■ RECORDS SUPPLIED ■
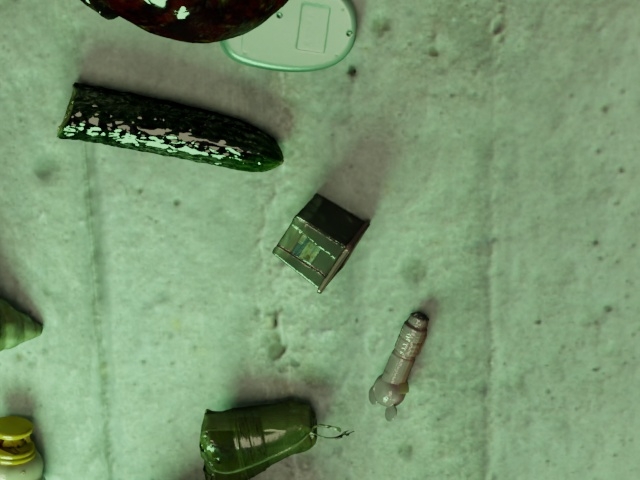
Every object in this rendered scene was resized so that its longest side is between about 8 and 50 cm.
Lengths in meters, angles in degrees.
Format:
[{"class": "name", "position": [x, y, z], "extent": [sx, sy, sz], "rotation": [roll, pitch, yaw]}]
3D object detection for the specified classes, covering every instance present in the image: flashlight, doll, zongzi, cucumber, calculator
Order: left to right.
[{"class": "doll", "position": [-0.329, 0.245, 1.697], "extent": [0.084, 0.073, 0.127], "rotation": [20, 113, 37]}, {"class": "cucumber", "position": [-0.138, -0.100, 1.532], "extent": [0.215, 0.052, 0.058], "rotation": [12, 133, 4]}, {"class": "calculator", "position": [-0.042, -0.201, 1.492], "extent": [0.153, 0.021, 0.095], "rotation": [9, 112, 2]}, {"class": "zongzi", "position": [-0.043, 0.216, 1.656], "extent": [0.154, 0.062, 0.130], "rotation": [-7, 132, -5]}, {"class": "flashlight", "position": [0.080, 0.120, 1.597], "extent": [0.031, 0.052, 0.110], "rotation": [10, 111, -34]}]

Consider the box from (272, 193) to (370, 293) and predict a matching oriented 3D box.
[{"class": "box", "position": [0.000, 0.000, 1.535], "extent": [0.063, 0.084, 0.060], "rotation": [33, 114, 4]}]

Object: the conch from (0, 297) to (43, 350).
[{"class": "conch", "position": [-0.465, 0.076, 1.592], "extent": [0.386, 0.169, 0.203], "rotation": [8, 109, -10]}]

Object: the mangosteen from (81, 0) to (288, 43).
[{"class": "mangosteen", "position": [-0.133, -0.286, 1.390], "extent": [0.289, 0.231, 0.231], "rotation": [13, 119, 43]}]

■ WHAT YOU HAVE TO DO ■
Leave the images out and output the remaining material exactly as it stands.

■ ANSWER ■
Every object in this rendered scene was resized so that its longest side is between about 8 and 50 cm.
Lengths in meters, angles in degrees.
Format:
[{"class": "name", "position": [x, y, z], "extent": [sx, sy, sz], "rotation": [roll, pitch, yaw]}]
3D object detection for the specified classes, covering every instance present in the image: flashlight, doll, zongzi, cucumber, calculator
Order: left to right.
[{"class": "doll", "position": [-0.329, 0.245, 1.697], "extent": [0.084, 0.073, 0.127], "rotation": [20, 113, 37]}, {"class": "cucumber", "position": [-0.138, -0.100, 1.532], "extent": [0.215, 0.052, 0.058], "rotation": [12, 133, 4]}, {"class": "calculator", "position": [-0.042, -0.201, 1.492], "extent": [0.153, 0.021, 0.095], "rotation": [9, 112, 2]}, {"class": "zongzi", "position": [-0.043, 0.216, 1.656], "extent": [0.154, 0.062, 0.130], "rotation": [-7, 132, -5]}, {"class": "flashlight", "position": [0.080, 0.120, 1.597], "extent": [0.031, 0.052, 0.110], "rotation": [10, 111, -34]}]

Consider the box from (272, 193) to (370, 293) and predict a matching oriented 3D box.
[{"class": "box", "position": [0.000, 0.000, 1.535], "extent": [0.063, 0.084, 0.060], "rotation": [33, 114, 4]}]

Object: the conch from (0, 297) to (43, 350).
[{"class": "conch", "position": [-0.465, 0.076, 1.592], "extent": [0.386, 0.169, 0.203], "rotation": [8, 109, -10]}]

Object: the mangosteen from (81, 0) to (288, 43).
[{"class": "mangosteen", "position": [-0.133, -0.286, 1.390], "extent": [0.289, 0.231, 0.231], "rotation": [13, 119, 43]}]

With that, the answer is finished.